State unemployment rates and over-the-month employment changes, January 2010
March 12, 2010
From December 2009 to January 2010, 30 states and the District of Columbia recorded unemployment rate increases, 9 states registered rate decreases, and 11 states had no rate change. Over that same period, nonfarm payroll employment increased in 31 states and the District of Columbia, decreased in 18 states, and remained unchanged in 1 state.
In January, Michigan again recorded the highest unemployment rate among the states, 14.3 percent. The states with the next highest rates were Nevada, 13.0 percent; Rhode Island, 12.7 percent; South Carolina, 12.6 percent; and California, 12.5 percent. North Dakota continued to register the lowest jobless rate, 4.2 percent in January, followed by Nebraska and South Dakota, 4.6 and 4.8 percent, respectively.
The rates in California and South Carolina set new series highs, as did the rates in three other states: Florida (11.9 percent), Georgia (10.4 percent), and North Carolina (11.1 percent). The rate in the District of Columbia (12.0 percent) also set a new series high.
From December 2009 to January 2010, the largest over-the-month increase in employment occurred in California (+32,500), followed by Illinois (+26,000), New York (+25,500), Washington (+18,900), and Minnesota (+15,600). The largest over-the-month decreases in employment occurred in Missouri and Ohio (‑12,800 each), followed by Kentucky (‑11,800), New Jersey (‑9,100), Florida (‑6,100), and Nevada (‑5,700).
These data are from the Local Area Unemployment Statistics and Current Employment Statistics (State and Metro Area) programs and are seasonally adjusted.
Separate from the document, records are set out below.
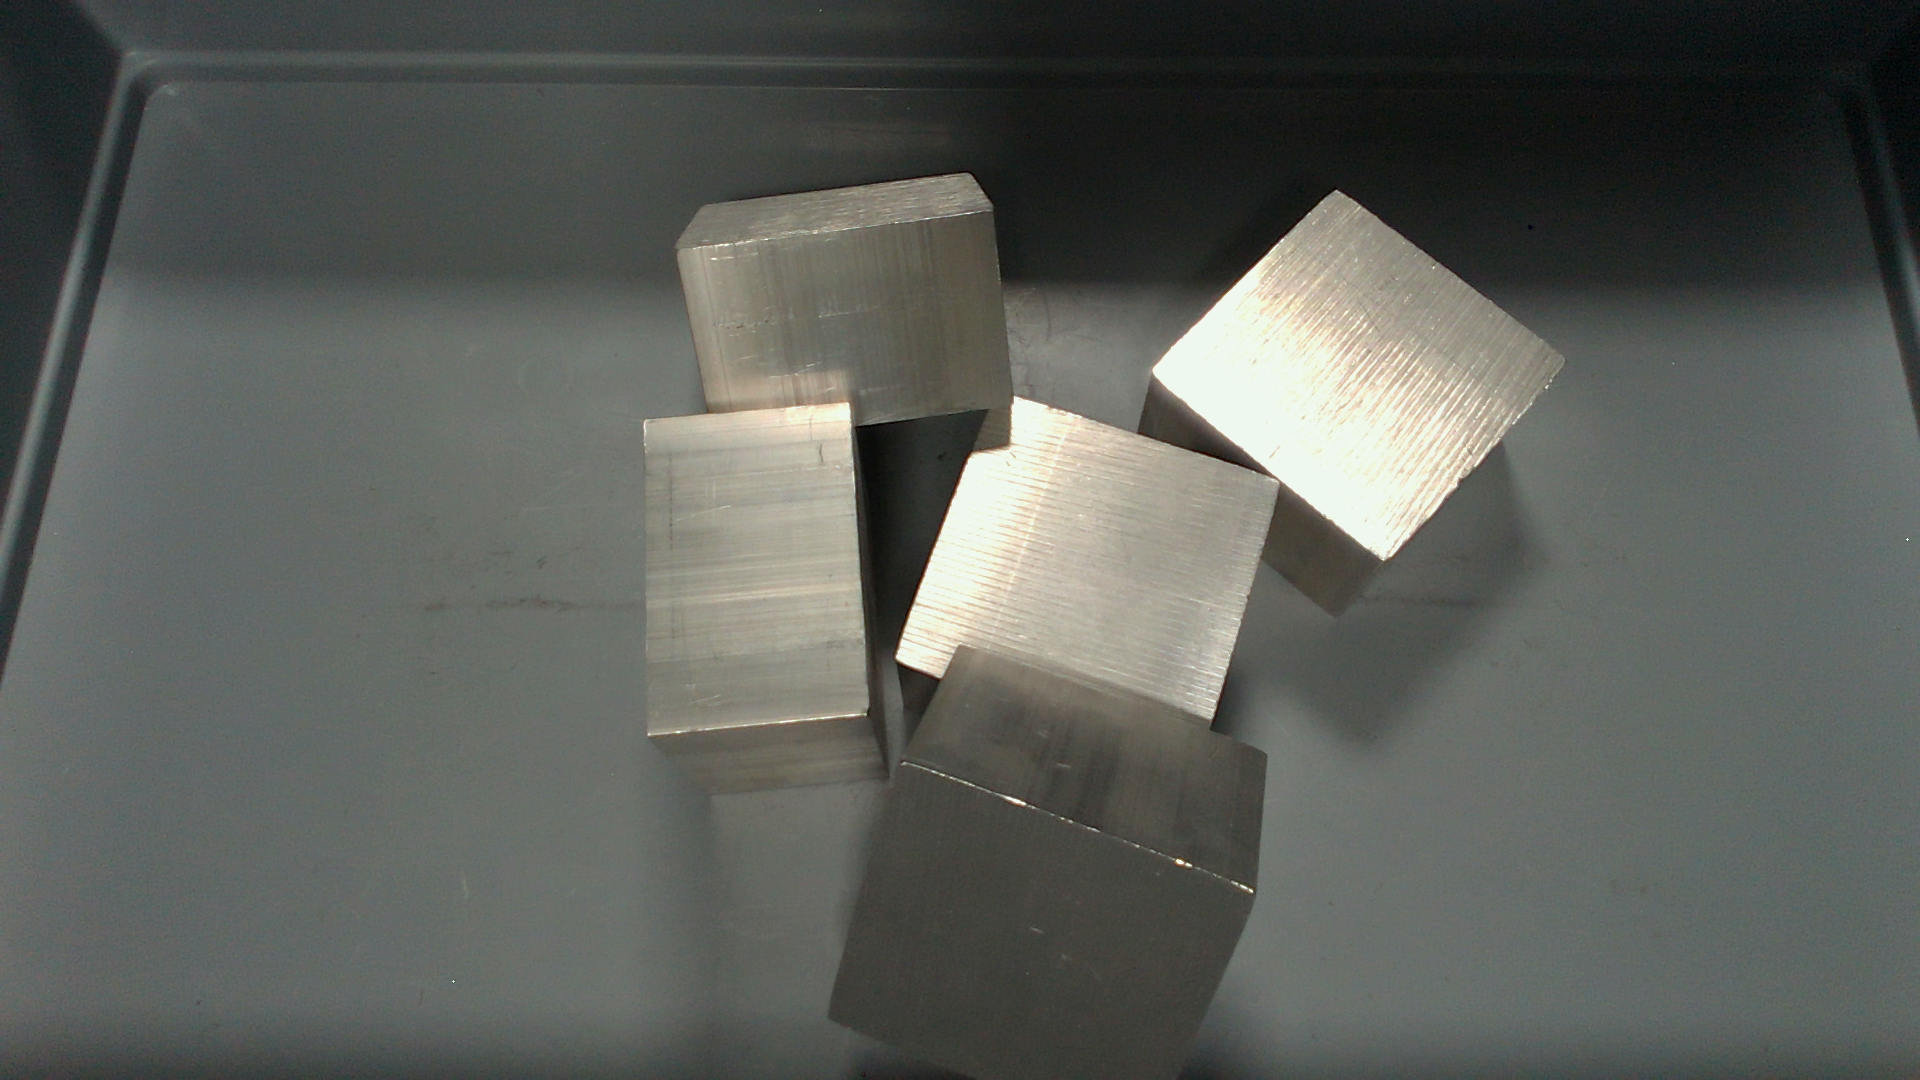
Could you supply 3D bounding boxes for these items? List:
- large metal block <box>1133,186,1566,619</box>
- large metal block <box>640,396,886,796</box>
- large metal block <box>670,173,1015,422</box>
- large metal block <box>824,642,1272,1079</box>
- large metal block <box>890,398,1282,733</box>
[{"bbox_3d":[0.107,-0.039,0.394,0.080,0.050,0.080,42,75,14],"label":"large metal block"},{"bbox_3d":[-0.049,0.018,0.358,0.050,0.080,0.080,-5,70,-2],"label":"large metal block"},{"bbox_3d":[-0.031,-0.068,0.383,0.080,0.080,0.050,-7,112,-2],"label":"large metal block"},{"bbox_3d":[0.021,0.082,0.328,0.080,0.080,0.050,19,29,5],"label":"large metal block"},{"bbox_3d":[0.034,0.016,0.375,0.080,0.050,0.080,18,71,6],"label":"large metal block"}]
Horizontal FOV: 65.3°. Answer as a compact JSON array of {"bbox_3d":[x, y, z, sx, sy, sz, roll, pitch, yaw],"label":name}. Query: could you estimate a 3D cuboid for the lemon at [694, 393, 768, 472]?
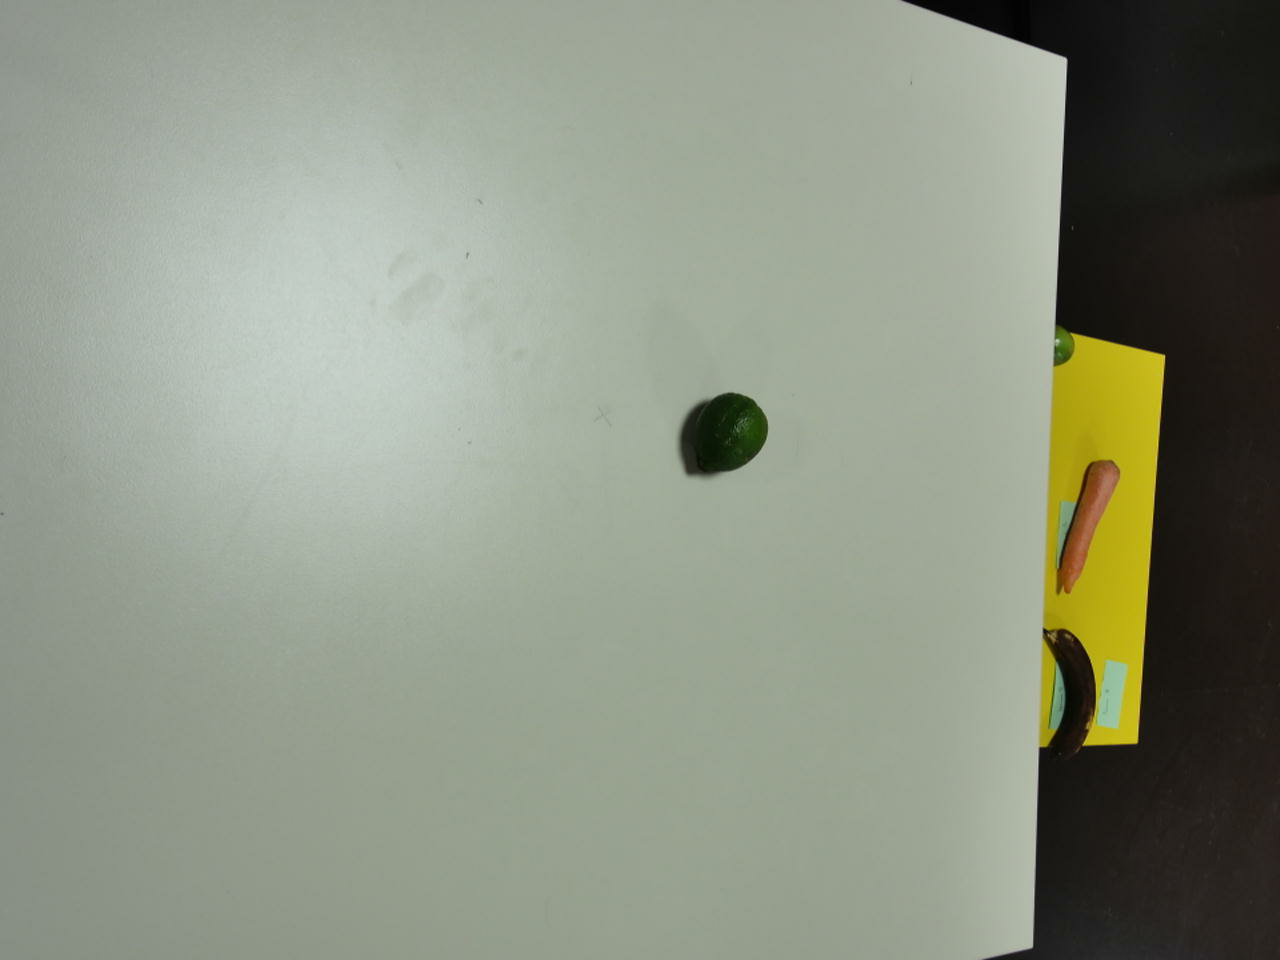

To learn more, see "Regional and State Employment and Unemployment — January 2010" (HTML) (PDF), news release USDL 10-0284.
Bureau of Labor Statistics, U.S. Department of Labor, The Economics Daily, State unemployment rates and over-the-month employment changes, January 2010 on the Internet at https://www.bls.gov/opub/ted/2010/ted_20100312.htm (visited October 28, 2020).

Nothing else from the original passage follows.